Sunshine Cillian Murphy
Fox Searchlight

6. Sunshine (2007)

Danny Boyle’s ode to the sci-fi classics that came before manifests as this deep space disaster starring everyone from Michelle Yeoh to Chris Evans and Rose Byrne. Along with Murphy, they play an international group of astronauts on a mission to save a dying star before the Earth freezes over. Unlike the rest of his team, Murphy’s uber-cerebral outsider is in on the secret — there’s no way home for anyone on this ship. It’s a more subdued turn from Murphy — though Boyle makes heavy use of how those endless arctic depths look against the sterile, sparse backdrop of a clunky spaceship.

Red-Eye
DreamWorks

5. Red Eye (2005)

Just 20 minutes into Wes Craven’s high-flying thriller you’ll come to realize you’re watching the wrong movie. What begins as a rom-com, complete with a meet-cute that feels designed by fate, quickly morphs into an agonizing hostage situation in which Murphy terrorizes poor Rachel McAdams within an inch of her sanity. Equal parts charm and menace, Murphy’s Jackson Rippner (subtle this film is not) has murderous designs that hinge on the help of McAdams’ hotel manager, Lisa. The two try to outsmart each other at every turn in a heart-pumping cat-and-mouse game filled with just enough chemistry to cause you to question whether you can have Stockholm Syndrome for a fictional character.

Cillian Murphy Wind That Shakes The Barley
Pathe

4. The Wind That Shakes The Barley (2006)

A heartbreaking war drama centered on two brothers fighting for their country, albeit in different ways, this Ken Loach-directed period piece sports an emotionally charged performance from Murphy. As Damien, a promising young doctor eager to escape the troubles in Ireland, Murphy begins the film as a passive observer, then reluctant participant in these homegrown atrocities done in the name of freedom.
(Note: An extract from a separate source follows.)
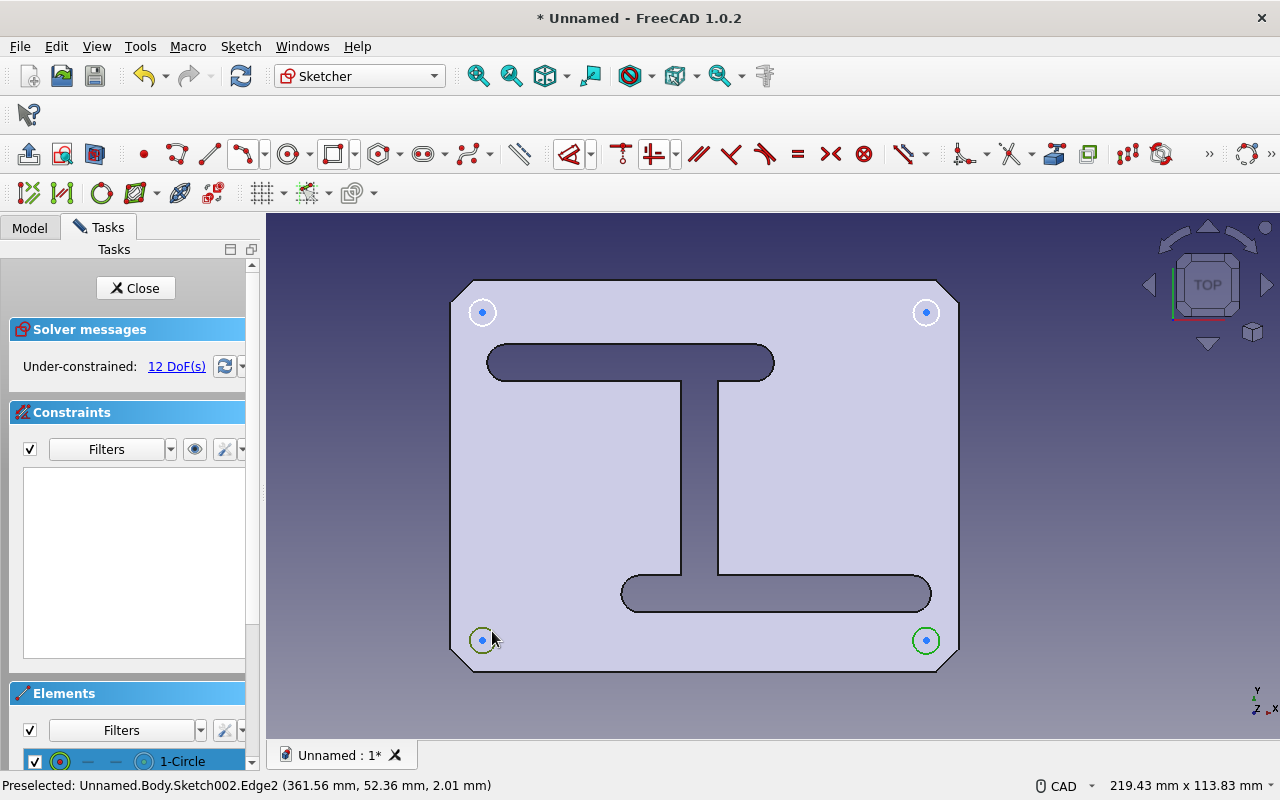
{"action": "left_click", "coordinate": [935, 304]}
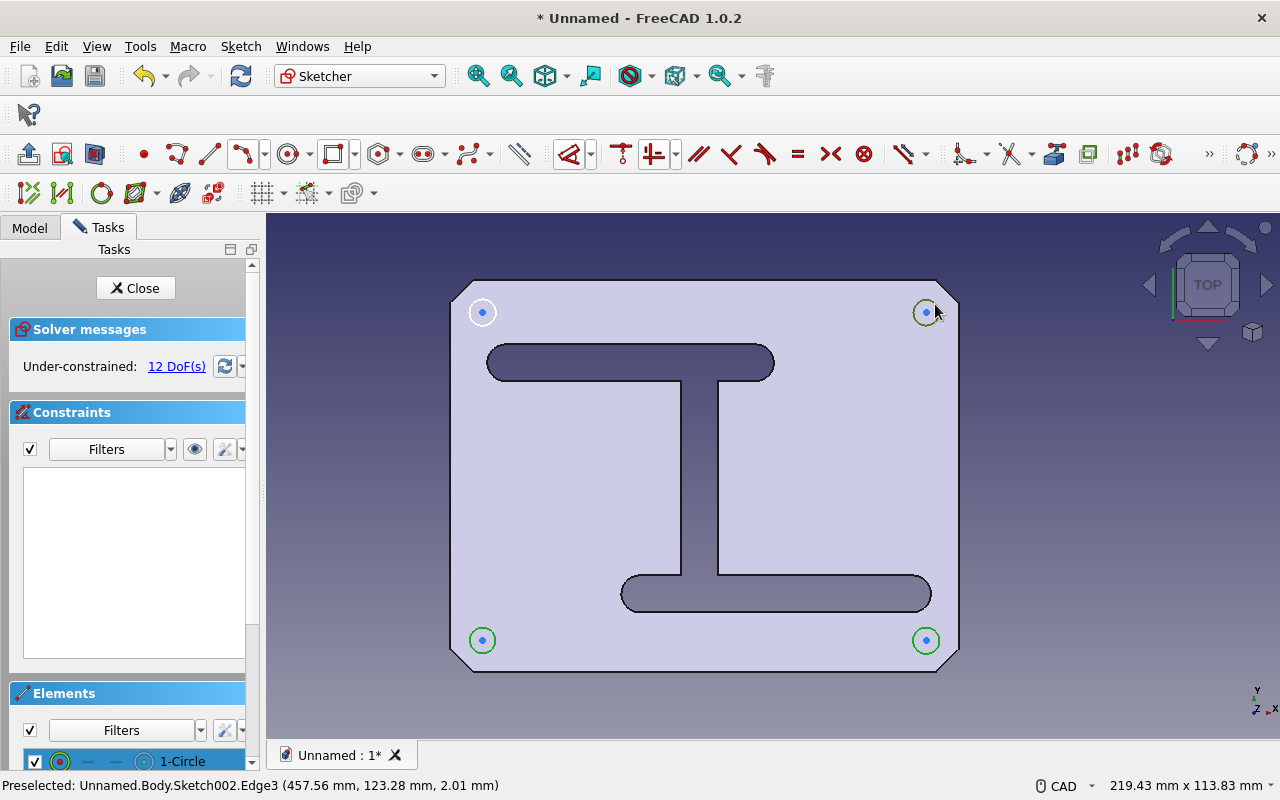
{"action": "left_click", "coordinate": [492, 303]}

Soon though, as friends dies and his brother is tortured, he’s radicalized to the call — even as it costs him everything. Murphy delivers a full-spectrum transformation here, playing Damien as a sympathetic, stubborn convert who you can’t help but root for.

28-days-later-1-1.jpg
DNA Films

3. 28 Days Later (2002)

Murphy makes one hell of a first impression in Danny Boyle’s horror franchise starter, which marks the first time a mainstream audience witnessed his talent on the big screen. As Jim, a bicycle courier who wakes up from a coma to a deserted, ravaged London infected by a virus that turns humans into mindless rage machines, Murphy is our entry point. It’s a tough job — to be both main character and plot-dumping lens — but he pulls it off, morphing from a terror-stricken young man to a by-any-means-necessary survivor with blood on his hands.

3039494-poster-p-2-weird-name-stellar-production-why-peaky-blinders-is-the-years-most-immersive-crime-seri.jpeg
Netflix

2. Peaky Blinders (2013)

Speaking of red hands, the theme song and slo-mo walks aren’t the only things that set this Steven Knight-created gangster drama apart from the rest of the prestige streaming crowd. As Tommy Shelby, a war vet suffering from PTSD who harbors insatiable ambitions and bears the weight of his family’s survival on his shoulders, Murphy mesmerizes. He’s all trimmed vests, Brummie twang, and shark-like eyes with ruthless business acumen and a tongue sharper than the razors stored in his cap. His evolution from a small-time criminal to corrupt politician is a whirlwind of double-crosses, backroom dealings, murder plots, and meticulous planning — and Murphy drives it all with a simmering rage just waiting to be triggered.

Oppenheimer Cillian Murphy
Universal

1. Oppenheimer (2023)

Surviving on a girl dinner of cigarettes and dirty martinis with haunted eyes and cheekbones so defined they’re basically a walking advert for buccal fat removal, Murphy shrinks in on himself to play the father of the atomic bomb, J. Robert Oppenheimer. Playing various versions of the tortured genius through time — a suicidal student, a celebrated physics professor, and the author of a world-destroying weapon — Murphy taps into the man’s mania, obsession, and self-inflated ego as he crafts a death-dealing invention with the help of his fellow scientists. But, it’s his turn as an older, more jaded, regret-riddled man reflecting on his legacy and the ethics of what he’s done that prove Murphy is practically peerless on screen.